Allahabad High Court
Regional Manager National Insurance ... vs Smt. Kusum Devi And 3 Others on 16 January, 2017
Author: Pankaj Mithal
Bench: Pankaj Mithal, Prabhat Chandra Tripathi
HIGH COURT OF JUDICATURE AT ALLAHABAD ?AFR Court No. - 9 Case :- FIRST APPEAL FROM ORDER No. - 1540 of 2015 Appellant :- Regional Manager National Insurance Co. Ltd. Respondent :- Smt. Kusum Devi And 3 Others Counsel for Appellant :- S.B.L. Gour Counsel for Respondent :- Ram Singh Hon'ble Pankaj Mithal,J.
Hon'ble Prabhat Chandra Tripathi,J.
Heard Sri S.B.L Gour, learned counsel for the appellant-Insurance Company and Sri Ram Singh, learned counsel for the claimants-respondents no.1 and 2.
Respondents no.3 and 4 are deemed to be served in view of the office report dated 04.11.2015 but they are not represented.
The contest in the appeal is between the appellant-Insurance Company and claimants-respondents no.1 and 2 only.
The appellant-Insurance Company has preferred this appeal against the judgment, order and award dated 17.03.2015 passed by the Motor Accidents Claims Tribunal, whereby it has awarded a sum of Rs.37,83,318/- to the claimants-respondents no.1 and 2 with 7% interest per annum from the date of the claim petition till its payment to be paid by the appellant-Insurance Company.
In the motor accident, which took place on 18.02.2013, the son of the claimants-respondents no.1 and 2, namely, Abhishek, aged about 23 years, who was serving in the Border Security Force, had died.
The Tribunal assessed his annual income to be Rs.2,74,872/- and by applying the multiplier of "17" on the basis of his age, determined the compensation payable to the claimants.
Sri Gour, learned counsel for the appellant, has advanced only one submission that the Tribunal committed manifest error of law in applying the multiplier of "17" on the basis of the age of the deceased. The deceased was a bachelor, therefore, the multiplier ought to have been chosen on the basis of the age of the parents of the deceased.
In response to the aforesaid argument, Sri Ram Singh, learned counsel appearing for the claimants-respondents no.1 and 2, has argued that it has been the consistent view that even in the case of death of a bachelor, the multiplier has to be on the basis of the age of the deceased and in view of the 3 judges decision of the Supreme Court in Munna Lal Jain and another Vs. Vipin Kumar Sharma and others, 2015 (3) TAC 1 (SC), any other contrary view is not sustainable.
In view of the respective contention of the parties, the only issue, which arises for consideration in this appeal before us, is whether in case of death of a bachelor, the multiplier has to be applied on the basis of the age of the deceased or on the basis of the age of the dependent parents.
The Second Schedule to the Motor Vehicles Act, 1988 (hereinafter referred to as the "Act") gives the multipliers depending upon the age of the victim for application to determine the amount of compensation.
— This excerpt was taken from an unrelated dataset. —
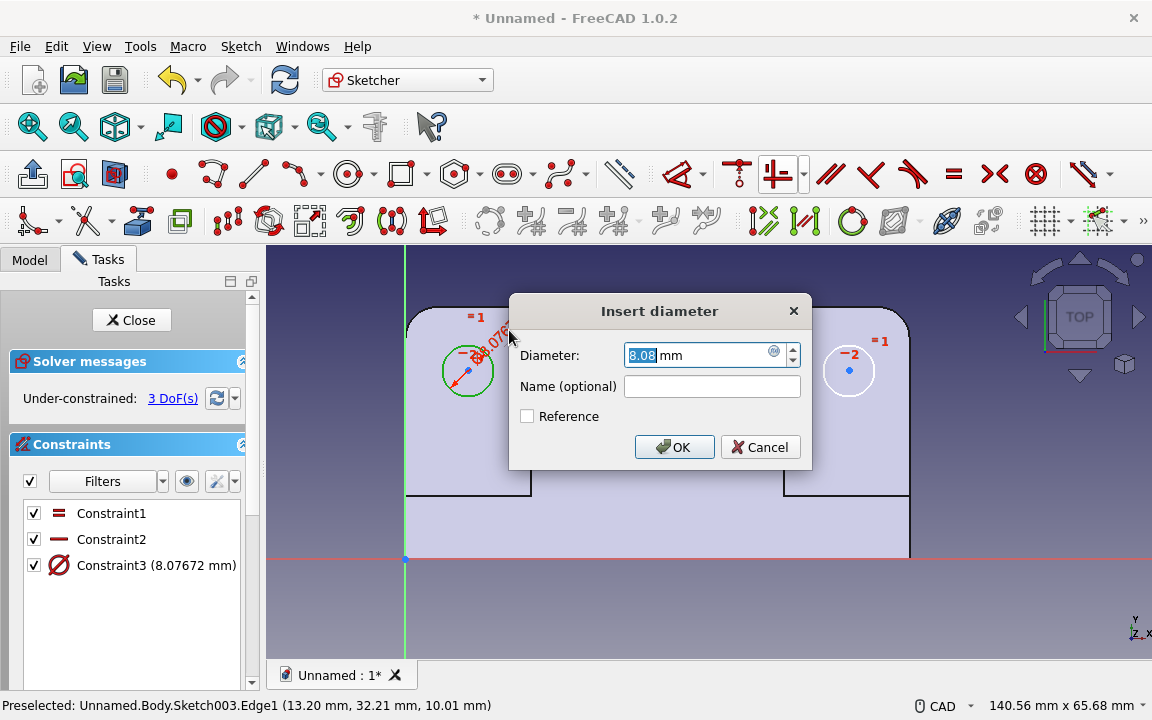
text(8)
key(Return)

The use of the expression "Age of the Victim" therein in the first column clearly demonstrates that the multiplier has to be in consonance with the age of the deceased and not of any other person. This leaves no scope for any argument that the multiplier has to be applied on the basis of the age of the dependent of the deceased.
In Sarla Verma and others Vs. Delhi Transport Corporation and another, 2009(6) SCC 121, the Apex Court has made out a distinction between the claim petitions filed under Sections 163-A and 166 of the Act and has held that the principles relating to the determination of liability and quantum of compensation are different for claims under Section 163-A of the Act and claims under Section 166 of the Act but even in cases under Section 166 of the Act the principles underlying Section 163-A & the Second Schedule, may be adopted and the multiplier be applied on the basis of the age of the victim but in no case, the multiplier should exceed "18". However, its applicability would depend upon many other factors including the age of the parents.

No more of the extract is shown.